The Government Accountability Office warned a special House task force last week that an upcoming progress report will offer few conclusions about a still-contested Florida House race and that agency experts will need to dig deeper into whether voting machines were on the fritz in November.

Prior to the August recess, “it does not appear that there will be a definitive answer from GAO as far as what caused the ‘undervotes,’” the task force’s chairman, Rep. Charlie Gonzalez (D-Texas), told reporters on Friday. “There were two areas in which [the agency] did express that there may be some limitations, and they were looking as to whether they should expand on that.”

The GAO’s preliminary assessment, scheduled to be delivered at a hearing Friday, is an attempt by Democrats to settle alleged undervotes in last year’s contest between banker Christine Jennings (D) and now-Rep. Vern Buchanan (R-Fla.), which was decided by 369 votes.

Although Florida election officials certified Buchanan’s win, Jennings and some outside election experts continue to claim malfunctioning electronic voting machines led to thousands of votes going uncounted.

The House seated Buchanan in January, but Democrats warned they would pay close attention to progress in Jennings’ state court proceedings. Anything untoward, then-House Administration Chairwoman Juanita Millender-McDonald (D-Calif.) said, and her committee would not hesitate to step in.

“Now on appeal to your court is the question of access to this evidence,” Millender-McDonald wrote to a Florida appeals court judge on committee letterhead in January. “[The case] bears decisively on the prospect of conclusively establishing who was duly elected on Nov. 7.”

Millender-McDonald died in April. The panel is now chaired by Rep. Robert Brady (D-Pa.).

After months of appeals — and hundreds of thousands of dollars in legal fees — Jennings’ campaign recently abandoned attempts to gain access to the inner workings of the electronic voting machines, which some speculate may be the linchpin to determining whether votes disappeared. The outside vendor that manufactured the equipment balked at Jennings’ pleas to provide its computers’ source code, arguing — in the end, successfully — that offering up such DNA would violate the company’s right to protect its proprietary information.

A Florida appeals court last month upheld a lower court’s decision denying Jennings’ request for the source code, a ruling that essentially ended Jennings’ hopes of resolving the alleged missing votes through the court system.
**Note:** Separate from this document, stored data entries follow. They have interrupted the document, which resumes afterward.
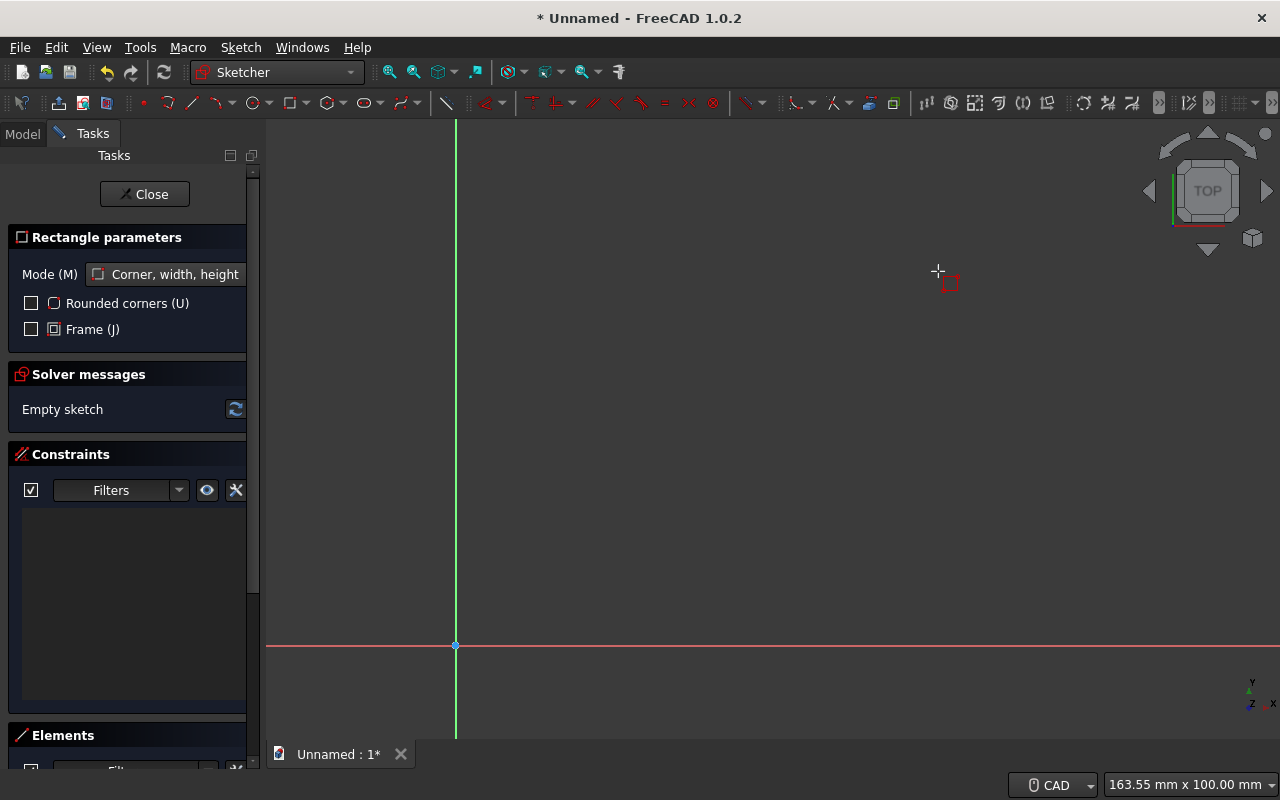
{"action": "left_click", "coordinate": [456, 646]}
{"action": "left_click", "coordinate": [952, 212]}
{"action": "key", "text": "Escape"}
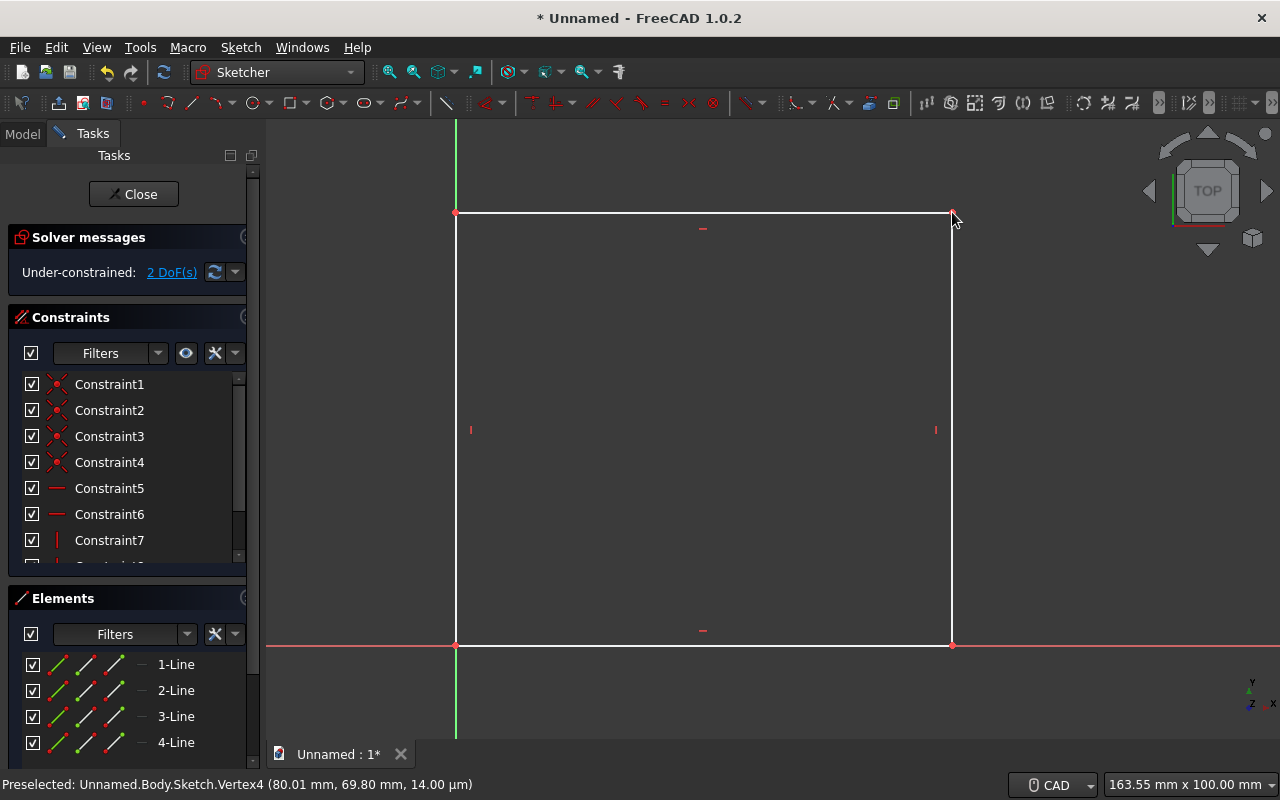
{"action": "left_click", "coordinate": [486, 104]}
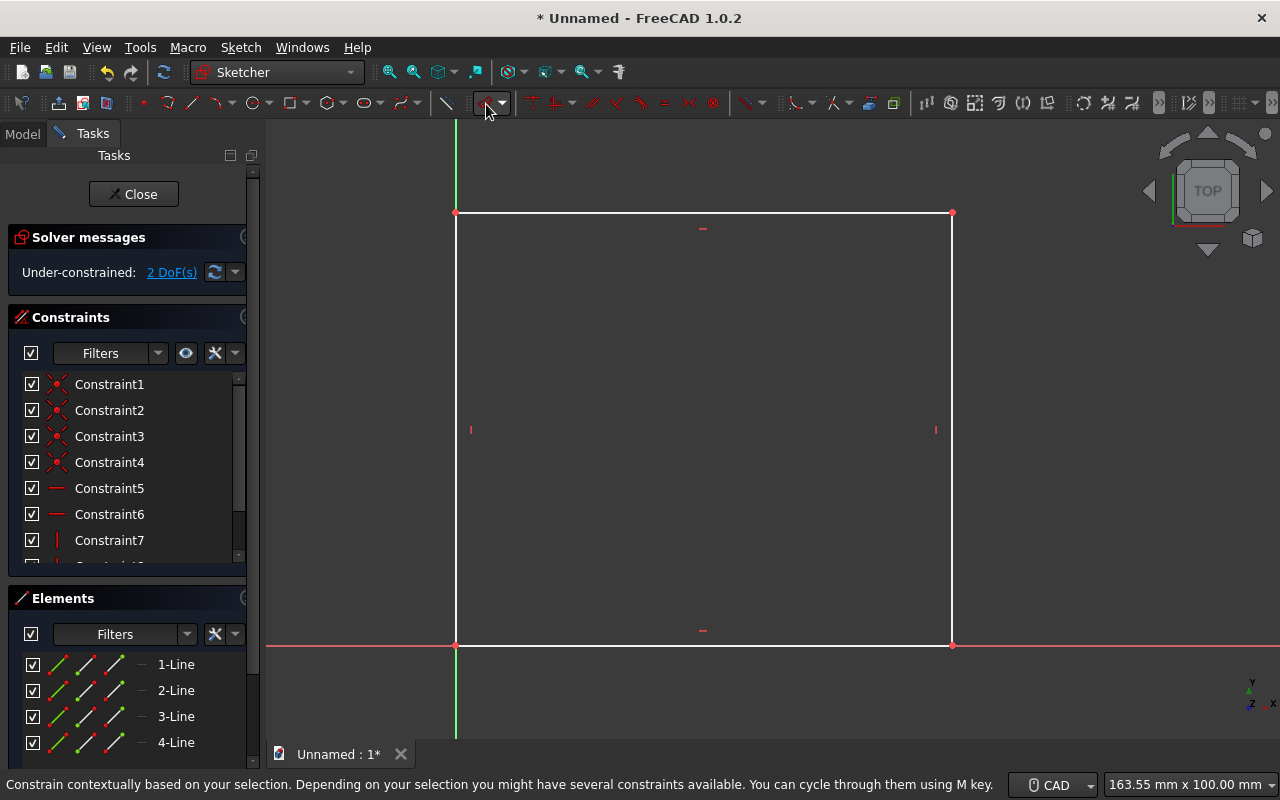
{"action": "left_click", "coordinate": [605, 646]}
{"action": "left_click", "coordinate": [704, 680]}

Meanwhile, with Jennings’ case stalled for months in the state court, the House Administration Committee earlier in the year convened a special elections subcommittee chaired by Gonzalez to monitor Jennings’ case. In early May 2007, the panel voted to have the GAO’s computer experts explore the allegations.

“I think we need to put this to rest,” Rep. Zoe Lofgren (D-Calif.) said at the time.

Gonzalez said Friday that the equipment’s manufacturer, as well as Florida state and local election officials, are cooperating with the GAO’s investigation.

Originally expected to take weeks, GAO officials warned the panel in mid-June that it could take as long as six months — or perhaps even longer, depending on what its experts unearth — to sort though the facts of the case. The agency was ordered to give a comprehensive update of its findings before the gavel dropped for the August recess.

Despite few hard-and-fast conclusions for the time being, Gonzalez said Friday that he is certain the agency ultimately will deliver in its investigation, which could cost $1 million or more.

“My sense is that GAO … will be able to provide some answers. To the extent of the testing that was conducted — or additional testing that may be required — will provide us with answers about whether the machines malfunctioned and were a contributing factor to the undervote,” Gonzalez said. “We will have an answer, for sure.”

Jennings announced in July that she is challenging Buchanan in 2008.